Overpopulation isn't a hard line. There's a continuum between 'having enough wealth to go around', and 'oh no, half the population is starving'. In between these two extremes, there are various stages of poverty. One of the first signs of overpopulation is unemployment i.e. too many people and not enough stuff for them to do. Most wealthy countries have comparatively low unemployment rate as of now, but history has shown that things can change swiftly. Just a doubling of the population of the USA would probably be more than enough to cause the unemployment rate to rise significantly.

Comment author: DaFranker 09 January 2014 12:56:07PM *  0 points [-]

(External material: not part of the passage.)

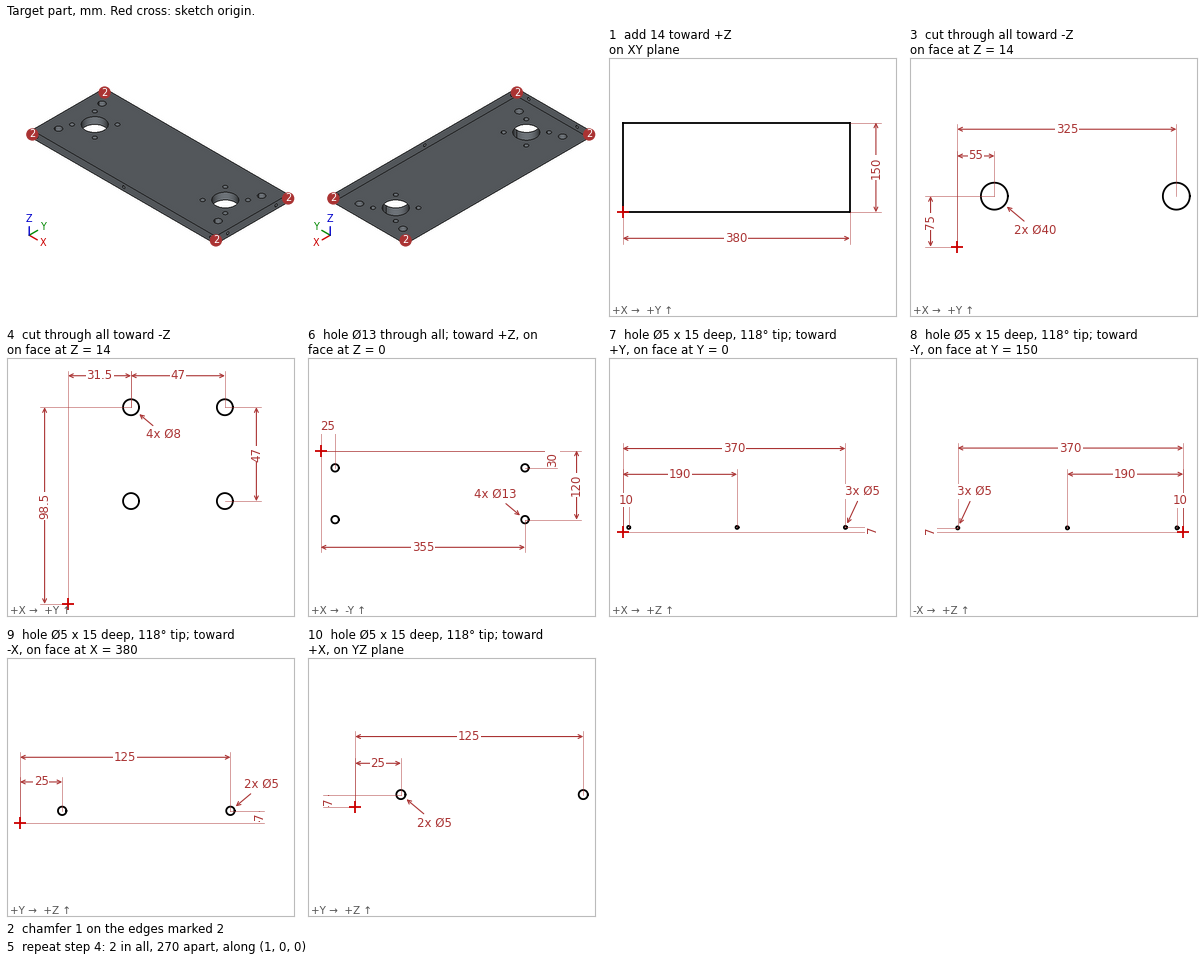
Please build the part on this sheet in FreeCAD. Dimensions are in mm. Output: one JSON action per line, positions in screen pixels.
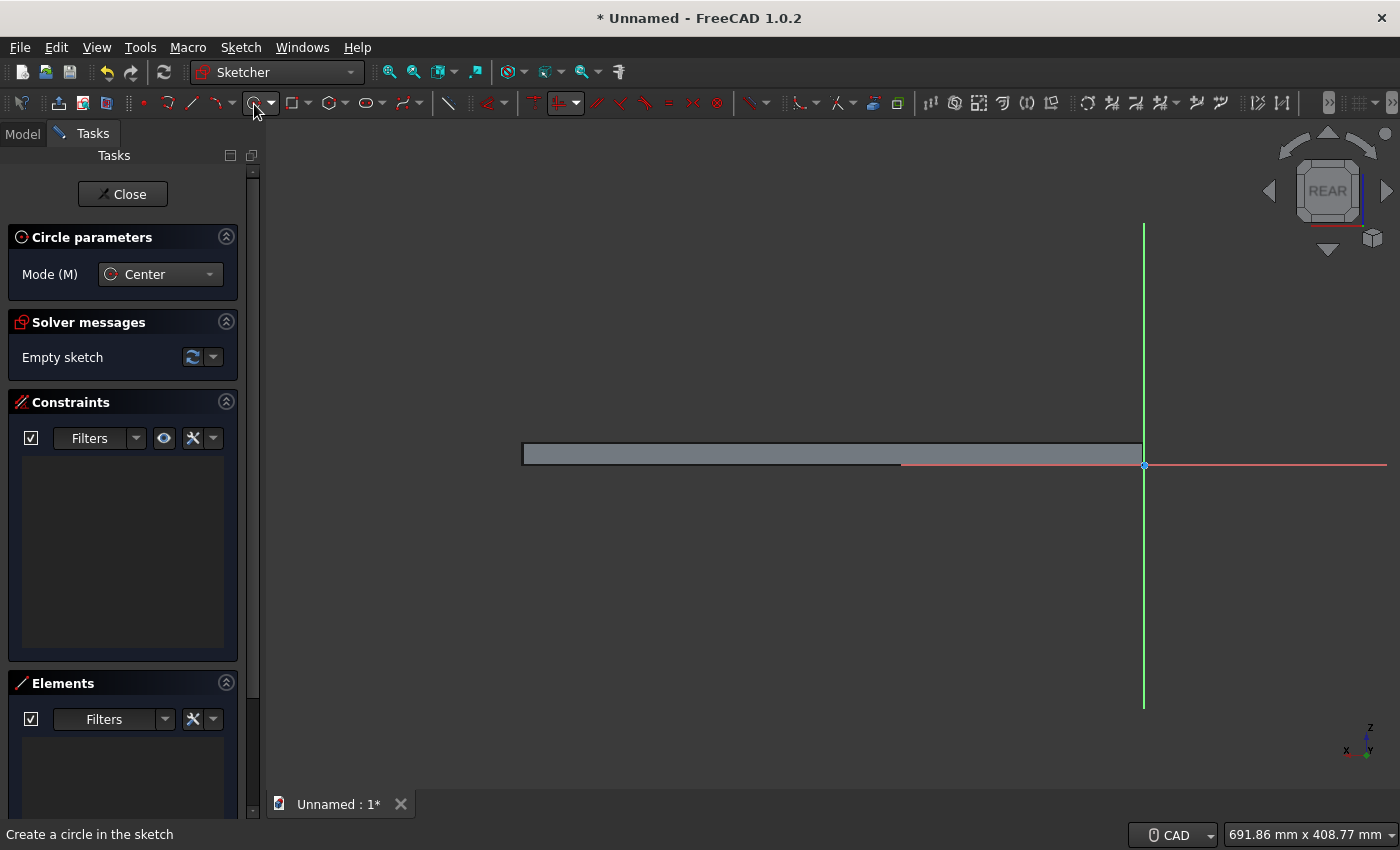
{"action": "scroll", "coordinate": [538, 454], "scroll_direction": "up", "scroll_amount": 9}

One of the first signs of overpopulation is unemployment i.e. too many people and not enough stuff for them to do.

Third cause; This correlation does not imply causation.

This is only a valid symptom within certain preassumed conditions, and in other contexts fails horribly as a metric.

For illustration, a certain fictional island could have rather poor and difficult source of food (farmland, fish populations, etc.) that simply cannot sustain a population past X, regardless of whether the remaining (N-X) humans have work to do (infrastructure, repair, killing the Giant Death Crabs that prey on the farmers, etc.). Similarly, its sister island could have a large population of wild fruit-bearing trees that can freely sustain any number of humans up to Y, whether or not some of them find themselves without "work" or any skills valuable to other inhabitants.

Both of the above parables are related to real, but complex, issues with natural resource distribution and acquisition in the real world.

Overpopulation, by contrast, is when the net resources of a timespace / group / system can no longer reliably support the population by whatever metrics are necessary or employed by the population -- food, clothing, shelter, kinship, entertainment, and yes, even work, employment and unemployment.

But all of these depend on the context. If you fix the problem of humans requiring food, then food no longer needs to be considered as a metric for overpopulation. If you fix the problem of humans requiring employment to gain access to the food (which retains its own separate overpopulation threshold, generally held to be higher than employment in some places), then employment no longer needs to be considered as a metric for overpopulation.